Each village had a church, school, bakery, dairy, wine-cellar, post office, sawmill, general store, and between forty and one hundred houses. Every able-bodied man was expected to serve in the fire department, and each village had its own fire department. Most houses were two stories and built with local sandstone of an unusual hue. They are mostly square with gable roofs.

The last of the 1,200 Inspirationalist settlers from New York arrived in 1864. By 1908, the Community had grown to 1,800 and owned over $1.8 million in assets.

== Life until 1932 ==

===Government===
The Great Council of the Brethren, also known as the Board of Trustees, oversaw the affairs and conduct of the Amana Society. Trustees were expected to tend to the internal affairs of the Society as well as its external business interests. Trustees were elected annually by popular vote from the elders of the Community. The trustees elected out of their own a president, vice president, and secretary; incumbents running for re-election were usually re-elected. The group met alternately in different villages on the first Tuesday of each month. Each June, the trustees were expected to keep the Society informed of the general condition of its affairs. The Great Council also served as the high court of the Community.

Each village was governed by a group of seven to nineteen elders. Decisions were made for each village by the group of elders, led by one of the trustees. This governing board was known as the Bruderrath. Elders were selected based on their piety and spirituality. Werkzeug had the authority to appoint elders, but at times when there were no such individuals, they were selected by the Great Council. The Bruderrath had the authority to appoint foremen for each industry. Individuals could petition the Bruderrath if they sought more money, a larger house, or a lighter workload. The Head Elder had the highest level of authority in each village, even over the Bruderrath trustee.

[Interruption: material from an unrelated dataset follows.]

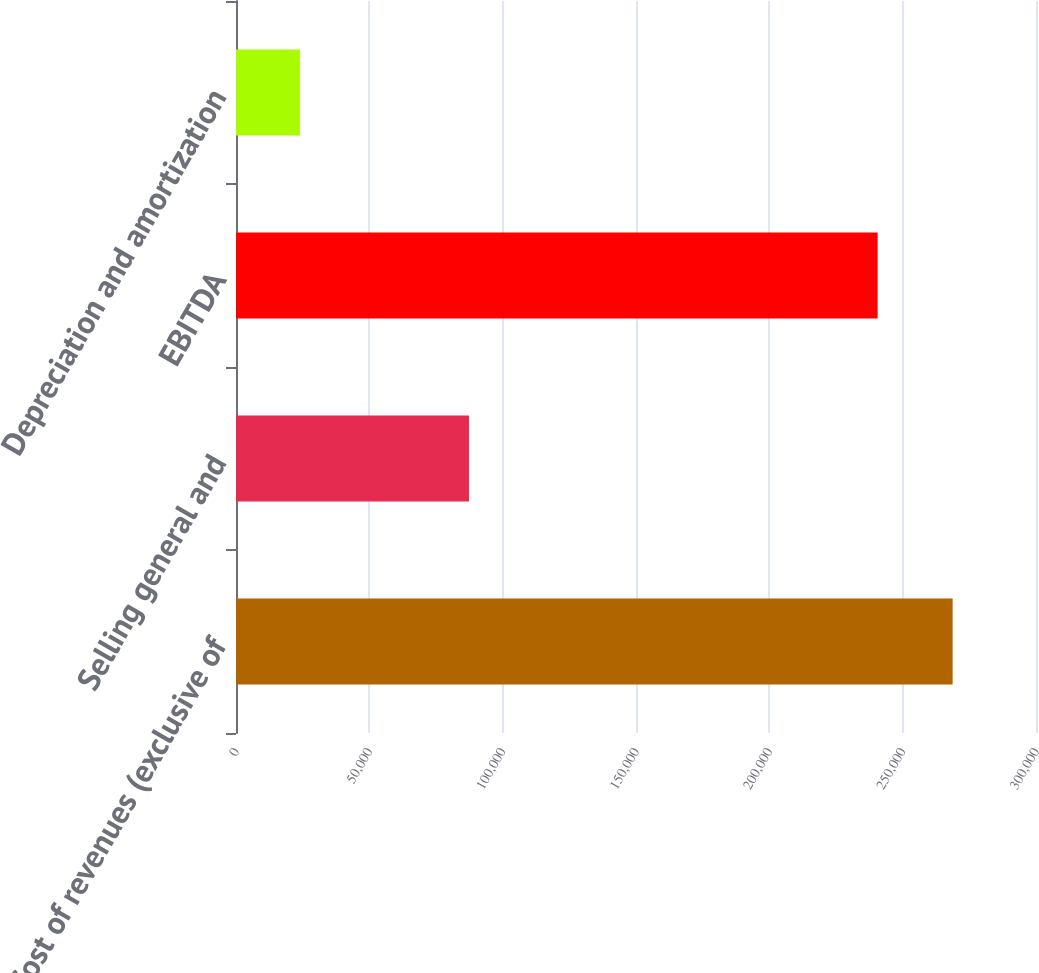<chart> <loc_0><loc_0><loc_500><loc_500><bar_chart><fcel>Cost of revenues (exclusive of<fcel>Selling general and<fcel>EBITDA<fcel>Depreciation and amortization<nl><fcel>268742<fcel>87384<fcel>240623<fcel>23956<nl></chart>

Each community member was provided with an annual sum, with men receiving $40 to $100 a year depending on their career, women receiving $25 to $30 a year, and parents of children receiving an additional $5 to $10 per child. This money was expected to be spent at village stores. Members who failed to budget adequately would be admonished by the Community. If the member did not mend his ways, they could be expelled by the community. Members who were expelled or voluntarily left the Community would receive all of the money they had invested into the common fund plus interest.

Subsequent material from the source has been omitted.